Twin Peaks: The Return Recap: Part 10

As of the latest episode of Twin Peaks: The Return suggests, the darkness seems to be winning.

Twin Peaks: The Return Recap: Part 10
Photo: Suzanne Tenner/Showtime

In “The Marriage of Heaven and Hell,” William Blake wrote: “Without Contraries is no progression…Love and Hate are necessary to Human existence.” Last night’s installment of Twin Peaks: The Return illuminated the precarious balance between these two opposing forces, previously represented as overarching cosmic principles in “Part 8” but here embodied at the level of all-too-human experience in ways both touching and terrifying.

The most obvious examples of hate at work in the show’s world concern Richard Horne (Eamon Farren), likely the illegitimate offspring of the as-yet-unseen Audrey Horne and the Bad Dale doppelganger (Kyle MacLachlan), as tantalizingly suggested by Doc Hayward in “Part 7.” Horne’s assault on Miriam (Sarah Jean Long), an eyewitness to his hit-and-run murder of the young boy in “Part 6,” is discreetly kept at bay in this episode: The camera lingers outside her trailer as we hear the sounds of the vicious attack before we’re allowed to eventually witness the bloody aftermath of the crime.

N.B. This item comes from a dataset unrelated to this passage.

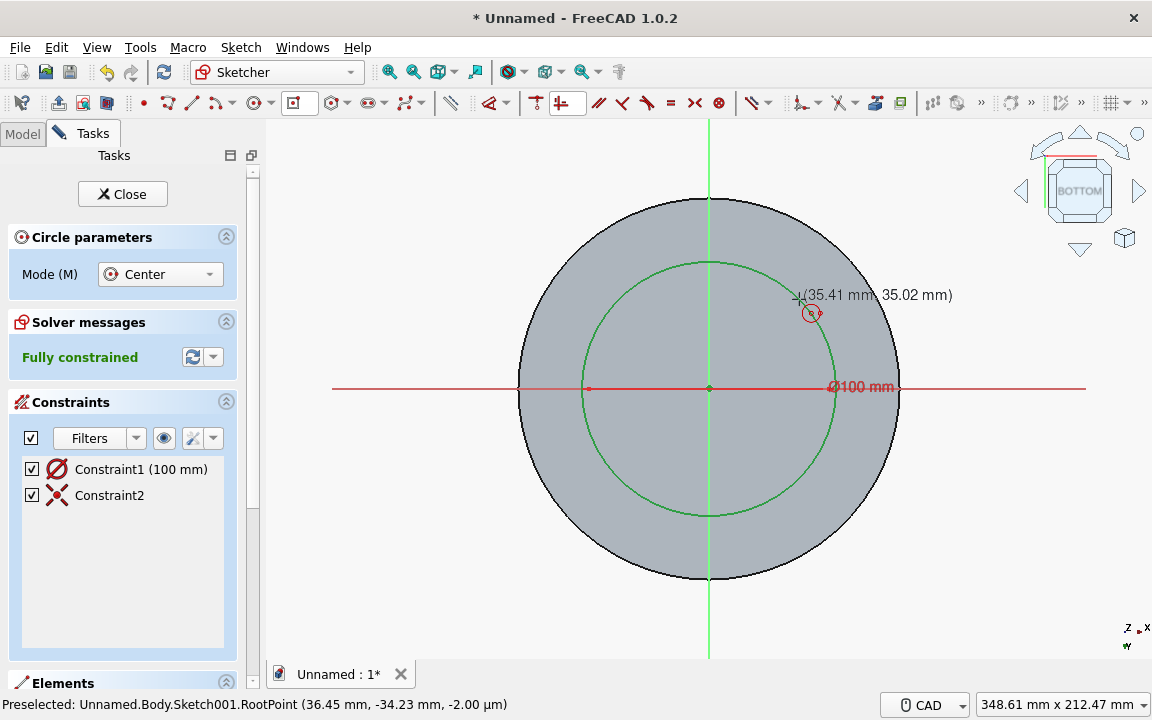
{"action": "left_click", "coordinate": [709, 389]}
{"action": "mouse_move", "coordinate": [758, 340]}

Such a distancing technique is then coyly withheld for Horne’s subsequent violent invasion of the home his grandmother, Sylvia (Jan D’Arcy), shares with the disabled Johnny (Erik Rondell). Akin to the Kubrick nod in “Part 8,” the scene works in a reference to A Clockwork Orange, with the restrained Johnny forced helplessly to endure Richard’s verbal and physical assault on a loved one, accompanied in duly ironic fashion by sickly sweet popular music. (In this case, the Mantovani Orchestra’s instrumental arrangement of “Charmaine” stands in for “Singin’ in the Rain.”) But Lynch goes Kubrick one better, having Johnny’s robot bear deliver its idiotically jovial faux-Cockney refrain “Hello, Johnny. How are you today?” over and over again.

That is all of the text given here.